Because the strongest of the strongest Africans landed on the shores of the new colony!
For the chance to become American, many white Europeans would deny their mother, their language, their customs and their culture. Being white would suffice, if it meant access, superiority and power in Africa.
Mother Africa’s children weren’t so weak. We refused to deny our Mother!
The new land tyrants wanted nothing to do with the power of Mother Africa, so they attempted to stop her children’s “gibberish”, separated her children further, pit African against Africans and cast shame on Mother’s sunkist skin.
What they didn’t know, because they could not understand, because they’d run away from their home…we were kidnapped from our home and sold into bondage. I don’t know about Ms. Europe, however, Mother Africa called to her children over the waters, in their dreams, in their songs, in their prayers, in their souls and in their DNA!
And because Mother Africa knew that it would be centuries before any of us would see her kind face, or embrace her strong neck, or kiss her warm dark cheeks again, she clothed us with pride, a sense of family, faith, respect and hard work. And she gave us a love for our Mother Africa that made Uncle Sam feel threatened.
How can Sam be our uncle if he refuses to own our Mother as his sister?
So…their insecurities blossomed, thus…
They outlawed our languages,
Monitored our gatherings,
Sanctioned our religion,
Raped our women,
Dispirited our children,
Raped our children,
Belittled our songs,
and owned our bodies…
But never our minds and spirits!!
They couldn’t break us because Mother Africa had put us together so fearfully and wonderfully. And they didn’t understand us and were troubled by the fact that they couldn’t break us. And believe me, those Motherfuckers tried!
When it was unbearable we told our Mother Africa with our sighs and with our tears and with our songs and with our drums. Her frantic heartbeat for her stolen children resonated on the drums of her sons and daughters as they played and danced into the dark sky, the songs Mother Africa had taught them. The syncopation of the rhythmic and mystically majestic drums conjured Mother Africa’s spirit as if the thousands of miles across the sea and thousands of leagues beneath the sea, didn’t stand between us.

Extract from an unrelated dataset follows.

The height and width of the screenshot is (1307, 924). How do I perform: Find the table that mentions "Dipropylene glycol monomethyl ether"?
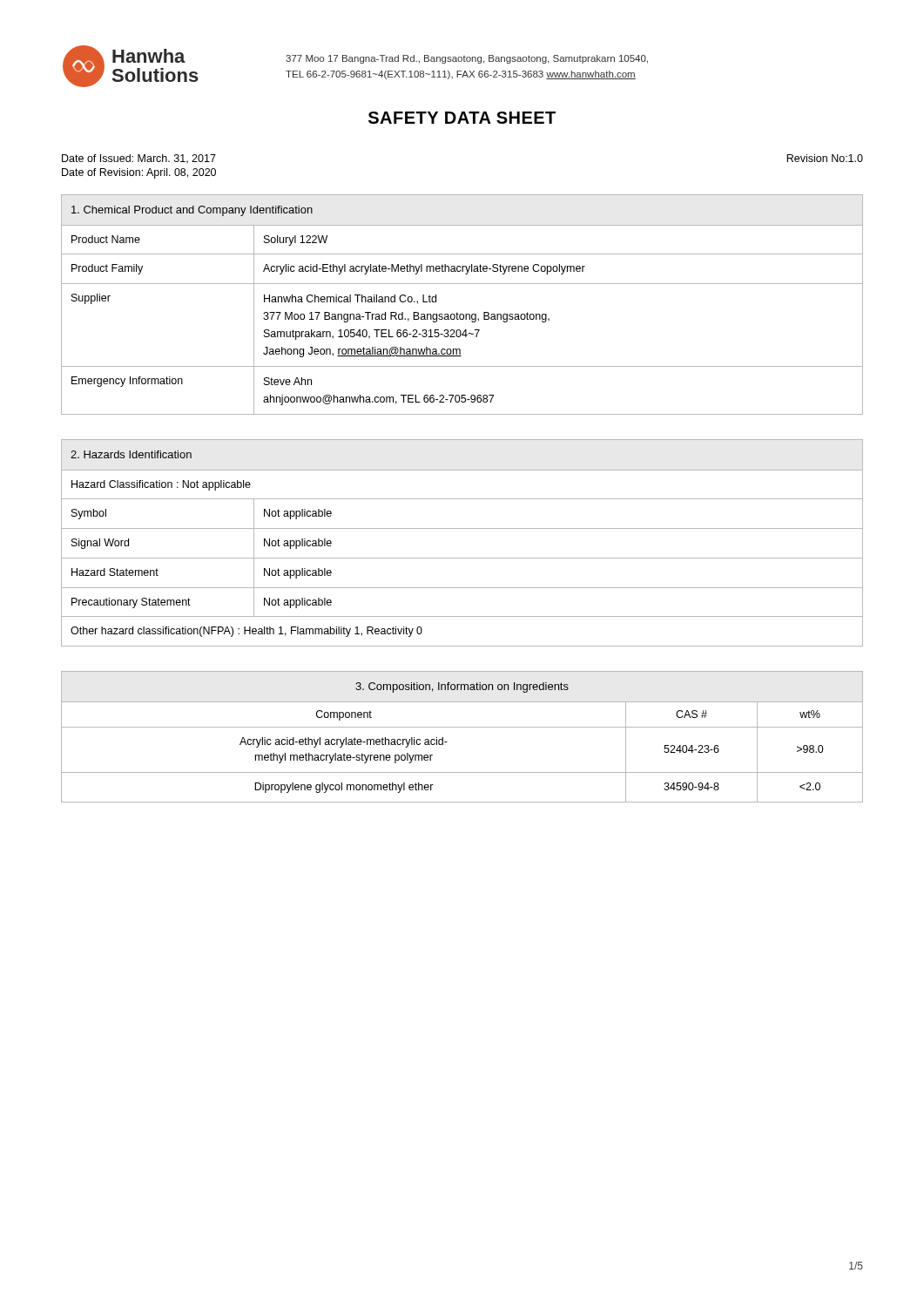(462, 737)

We loved Mother Africa, and she loved us, and that it was adequate compensation for being so unloved in the new world.
So 400 years to the month after we first were snatched from her arms, Mother Africa, through her tribal leaders and keepers of culture, welcomed me and my family and 250 others, Home.
Mother didn’t just see her children. We saw our Mother…and our Home.
I didn’t know that Mother had been looking for me to return, because she could not come to where I was.
Home humbled me.
When I think of Home, it isn’t an address.
Home isn’t brick and mortar and living rooms and garages.
Home is the portal through which you enter & then engage the world each day.
Home is the portal through which you return to decompress from the atrocities of the world each day.
Home is where you look at yourself in the mirror before taking on the day.
And Home is where you never second guess yourself.
Home is where you never have to make excuses for yourself.
Home is where you never dumb down.
Home is where you are the majority, and majority rules.
Books live at libraries.
Merchandise lives at stores
Groceries live in supermarkets.
But our intact, non-apologetic, irrepressible, culturally-ordained, hence our truest selves, come alive at Home.
Home is where I can decompress a lifetime of atrocities and unfair treatment so that I can engage the struggle with a renewed sense of self, power and purpose.
Home humbled me in Ghana, because I didn’t know I was so “Homeless.”
I went Home last week and was reminded of who I am. I’m at home in my own skin wherever I go.
Home is not merely where we live. Home is where we come alive!